The ‘mugshot chair’ was designed for use in prisons so the head of the inmate would be in line with the brace at the back of it
It certainly looks rather uncomfortable if you’d have moved, with its low stature and large ridges in the seat – and that happens to be precisely the point.
For this is a ‘mugshot chair’ used in Victorian prisons that would have seen inmates want their photograph taken as fast as possible or left in plenty of pain.
Prisoners would have had to sit up straight with their legs together and ensured they did not move so their picture could be taken quickly in the jail.
The chair was designed so the head of the inmate would be in line with the brace at the back of it – and in the same place whether they were small or tall.
It was intended to be quick and hassle-free and helped jails comply with the 1871 Prevention of Crimes Act that said prisoners had to be photographically recorded.
The idea was that a photographer could set their camera up for the day with the correct height and focus, and then only have to touch it to take the picture.
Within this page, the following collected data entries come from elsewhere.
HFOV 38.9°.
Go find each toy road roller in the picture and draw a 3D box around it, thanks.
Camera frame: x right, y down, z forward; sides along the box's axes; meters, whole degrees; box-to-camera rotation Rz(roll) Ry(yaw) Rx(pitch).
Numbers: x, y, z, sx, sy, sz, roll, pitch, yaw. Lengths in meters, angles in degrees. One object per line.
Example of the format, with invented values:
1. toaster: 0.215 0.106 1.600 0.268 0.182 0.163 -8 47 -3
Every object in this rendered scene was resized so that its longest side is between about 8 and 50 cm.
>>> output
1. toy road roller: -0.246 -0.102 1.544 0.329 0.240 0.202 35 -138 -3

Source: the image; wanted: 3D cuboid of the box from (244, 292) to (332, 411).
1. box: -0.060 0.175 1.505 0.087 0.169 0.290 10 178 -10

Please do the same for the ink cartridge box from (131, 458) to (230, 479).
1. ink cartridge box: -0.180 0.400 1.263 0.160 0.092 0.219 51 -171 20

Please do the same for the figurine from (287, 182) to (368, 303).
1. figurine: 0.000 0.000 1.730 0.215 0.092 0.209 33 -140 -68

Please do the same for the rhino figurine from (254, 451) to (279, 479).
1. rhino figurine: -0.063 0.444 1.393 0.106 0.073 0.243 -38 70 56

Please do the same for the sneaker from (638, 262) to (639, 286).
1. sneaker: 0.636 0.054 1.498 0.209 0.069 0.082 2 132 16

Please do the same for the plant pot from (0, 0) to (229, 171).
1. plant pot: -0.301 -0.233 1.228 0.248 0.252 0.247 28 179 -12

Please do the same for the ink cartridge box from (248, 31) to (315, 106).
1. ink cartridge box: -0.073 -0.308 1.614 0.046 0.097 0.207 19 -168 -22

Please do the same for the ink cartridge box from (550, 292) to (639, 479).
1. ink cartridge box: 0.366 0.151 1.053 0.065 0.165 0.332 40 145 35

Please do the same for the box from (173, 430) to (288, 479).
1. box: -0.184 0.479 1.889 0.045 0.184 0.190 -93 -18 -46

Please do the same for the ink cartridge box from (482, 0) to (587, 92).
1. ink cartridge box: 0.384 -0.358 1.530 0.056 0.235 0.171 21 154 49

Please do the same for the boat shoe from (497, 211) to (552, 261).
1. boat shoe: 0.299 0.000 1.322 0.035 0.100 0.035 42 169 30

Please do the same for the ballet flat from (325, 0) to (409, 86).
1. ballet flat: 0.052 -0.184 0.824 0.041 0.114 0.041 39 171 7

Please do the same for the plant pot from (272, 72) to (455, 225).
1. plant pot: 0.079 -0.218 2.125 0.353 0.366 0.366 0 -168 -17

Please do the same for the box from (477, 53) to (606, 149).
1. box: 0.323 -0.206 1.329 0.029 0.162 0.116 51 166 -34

To ensure they could get two angles of the prisoner – face-on and in profile – they would have set up an angled mirror to produce both pictures in one shot.
Prisoners would also be asked to show their hands when the photos were taken, to ensure any identifying marks or tattoos could be noted at the same time.
A photographer takes an inmate’s picture using the chair at Newgate Prison in London in the 19th century. The chair helped jails comply with the 1871 Prevention of Crimes Act
Geoff Belknapp, curator of photography at the National Science and Media Museum in Bradford, told MailOnline that the chair was first made in Germany around 1880.
He said: ‘The chair is small and narrow – just 25cm (10in) in width and approximately 90cm (35in) high, with a pointed ridge running front-to-back down the centre.
‘Despite its appearance the design isn’t intended to specifically make it uncomfortable for the sitter.
‘The reason there is a ridge down the centre of the seat and a metal rod at the back is so all sitters are positioned for their photographs in the same way – sat up straight and facing forward.
‘I imagine it would have been uncomfortable had anyone tried to move from this position.
Mugshots taken of prisoners in the late 19th century, showing a mirror placed on the inmate’s right shoulder to capture their profile. These portraits are unusual compared with the standard of prison photography at the time, by combine the profiling and frontal portrait in one picture
The use of photography to record known criminals had been in evidence as early as the 1840s, three decades before it became UK law. Pictured: More mugshots using the mirror technique
‘The intention was for the photographs to display a standard pose and posture for each sitter. The chair ensures the sitter sits as straight and upright as possible, and the brace is to keep the head looking forward.’
He added that the concept of the two-angle photograph was apparently pushed forward by Alphonse Bertillon, a French police officer born in Paris.
The use of photography to record known criminals had been in evidence as early as the 1840s, three decades before it became law in the UK.
Mr Belknapp continued: ‘Bertillon helped to standardise the process when, in 1888, he devised the modern “mug shot” featuring full face and profile views, as well as standardising the lighting and angles.
‘His method was soon adopted in many places throughout Europe. However, as you can see from the other sets of mug shots – there were other methods employed to get the two-angle shots, such as holding a mirror up to the suspect’s face.’